[Start of section]

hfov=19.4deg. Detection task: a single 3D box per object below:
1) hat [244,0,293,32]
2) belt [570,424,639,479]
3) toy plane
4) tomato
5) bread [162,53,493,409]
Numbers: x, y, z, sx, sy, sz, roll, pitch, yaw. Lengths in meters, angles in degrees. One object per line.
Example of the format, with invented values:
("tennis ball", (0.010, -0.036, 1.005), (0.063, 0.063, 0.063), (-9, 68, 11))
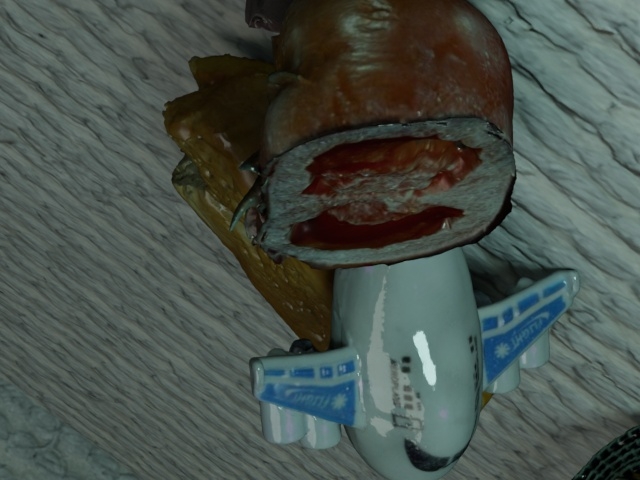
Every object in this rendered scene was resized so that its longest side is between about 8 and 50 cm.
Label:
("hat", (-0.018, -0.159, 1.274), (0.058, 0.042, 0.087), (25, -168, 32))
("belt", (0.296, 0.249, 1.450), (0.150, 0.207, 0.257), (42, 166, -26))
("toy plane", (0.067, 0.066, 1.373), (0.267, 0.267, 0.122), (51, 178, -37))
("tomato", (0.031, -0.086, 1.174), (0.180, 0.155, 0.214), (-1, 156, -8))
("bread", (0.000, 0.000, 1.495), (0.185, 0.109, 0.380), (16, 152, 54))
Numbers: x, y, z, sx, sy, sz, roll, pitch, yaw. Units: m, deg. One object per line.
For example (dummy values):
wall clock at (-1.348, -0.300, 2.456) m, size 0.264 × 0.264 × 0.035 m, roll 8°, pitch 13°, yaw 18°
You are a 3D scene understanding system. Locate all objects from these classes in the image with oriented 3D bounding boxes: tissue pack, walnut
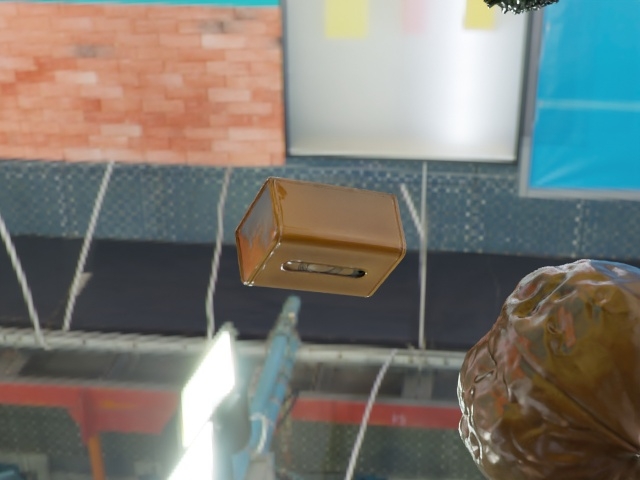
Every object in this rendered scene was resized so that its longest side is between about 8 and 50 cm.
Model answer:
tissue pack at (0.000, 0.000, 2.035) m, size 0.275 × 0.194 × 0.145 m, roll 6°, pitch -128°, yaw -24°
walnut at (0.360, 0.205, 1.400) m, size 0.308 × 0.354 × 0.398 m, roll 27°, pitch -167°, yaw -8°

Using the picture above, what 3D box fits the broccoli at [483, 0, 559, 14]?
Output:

[End of section]

> Activity
Copy the records above precisely, and leave every image out of the copy.

> Worked solution
hfov=19.4deg. Detection task: a single 3D box per object below:
1) hat [244,0,293,32]
2) belt [570,424,639,479]
3) toy plane
4) tomato
5) bread [162,53,493,409]
Numbers: x, y, z, sx, sy, sz, roll, pitch, yaw. Lengths in meters, angles in degrees. One object per line.
Example of the format, with invented values:
("tennis ball", (0.010, -0.036, 1.005), (0.063, 0.063, 0.063), (-9, 68, 11))
Every object in this rendered scene was resized so that its longest side is between about 8 and 50 cm.
Label:
("hat", (-0.018, -0.159, 1.274), (0.058, 0.042, 0.087), (25, -168, 32))
("belt", (0.296, 0.249, 1.450), (0.150, 0.207, 0.257), (42, 166, -26))
("toy plane", (0.067, 0.066, 1.373), (0.267, 0.267, 0.122), (51, 178, -37))
("tomato", (0.031, -0.086, 1.174), (0.180, 0.155, 0.214), (-1, 156, -8))
("bread", (0.000, 0.000, 1.495), (0.185, 0.109, 0.380), (16, 152, 54))
Numbers: x, y, z, sx, sy, sz, roll, pitch, yaw. Units: m, deg. One object per line.
For example (dummy values):
wall clock at (-1.348, -0.300, 2.456) m, size 0.264 × 0.264 × 0.035 m, roll 8°, pitch 13°, yaw 18°
You are a 3D scene understanding system. Locate all objects from these classes in the image with oriented 3D bounding boxes: tissue pack, walnut
Every object in this rendered scene was resized so that its longest side is between about 8 and 50 cm.
Model answer:
tissue pack at (0.000, 0.000, 2.035) m, size 0.275 × 0.194 × 0.145 m, roll 6°, pitch -128°, yaw -24°
walnut at (0.360, 0.205, 1.400) m, size 0.308 × 0.354 × 0.398 m, roll 27°, pitch -167°, yaw -8°

Using the picture above, what 3D box fits the broccoli at [483, 0, 559, 14]?
Output:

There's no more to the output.